Museum located on Asunción, Paraguay

Museo del Barro is a museum located on the outskirts of Asunción, the capital of Paraguay. Initially, it was a private, traveling collection that, after seven years, secured a permanent home. The museum now comprises three distinct divisions: a pottery museum, an indigenous art museum and a contemporary art collection.

==History==
Olga Blinder and Carlos Colombino a circulating collection in 1972 of prints and drawings for public spaces and educational displays. As their collection grew and diversified, they needed a permanent location to house it.

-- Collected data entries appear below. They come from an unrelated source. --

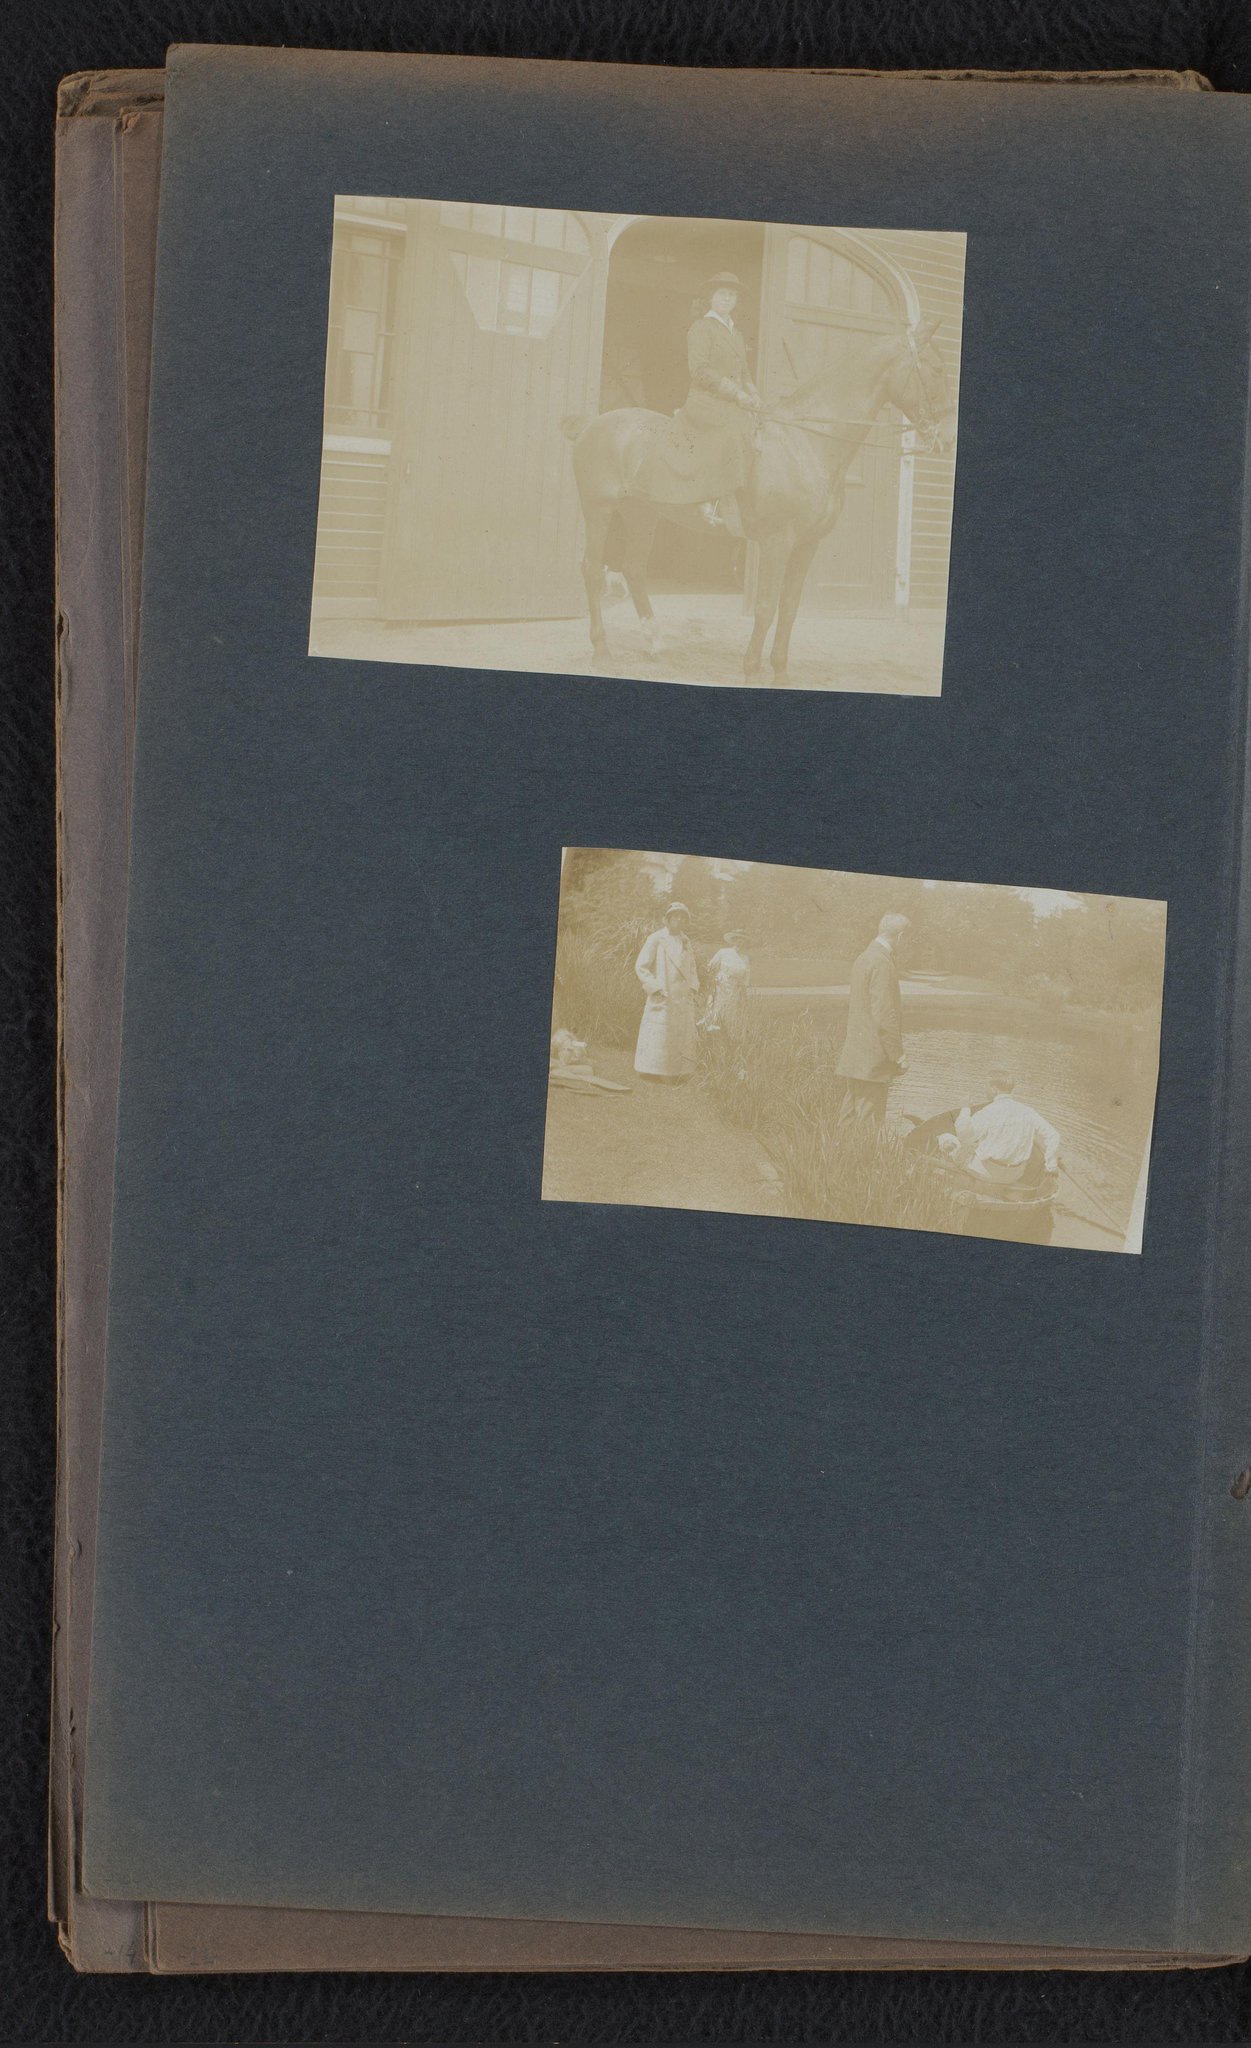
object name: photograph
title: Vrouw te paard, en vier mensen op een kade bij een roeiboot
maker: carolina frederika onnen (lien/loen)
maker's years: 1896-1983
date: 1912-1913
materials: paper, cardboard
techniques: collodion silver print
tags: rowing-boat, canoe, etc., horse
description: Deze foto's zijn onderdeel van een album.

The Museo del Barro was founded in 1979 as a private institution to house the large indigenous pottery collection (clay) reflected in its name. However, it also serves as the Indigenous Art Museum and the Museum of Contemporary Arts of Paraguay. The three divisions make up the bulk of the museum's collection. Originally the location was in San Lorenzo but with expansions, and natural disasters.

The clay museum houses over 300 pieces of pre-Columbian ceramics, and contains some 4,000 items of wood, fabric, and metal from the 17th century to the present day.

In the indigenous section are 1,700 pieces produced by the different ethnic groups that make up the Paraguayan population. Baskets, masks and feather work typify the collection.

The third part of the museum is dedicated to contemporary artists from throughout Latin America. There are approximately 3,000 works by Paraguayan, Argentinean, Brazilian, and Chilean artists, including drawings, paintings, prints, sculpture and mixed media. Livio Abramo is one of the featured artists as is Mayeli Villalba, Pedro Agüero, Mabel Arcondo, Olga Blinder, Luis Alberto Boh, Carlos Colombino, Ricardo Migliorisi, and others.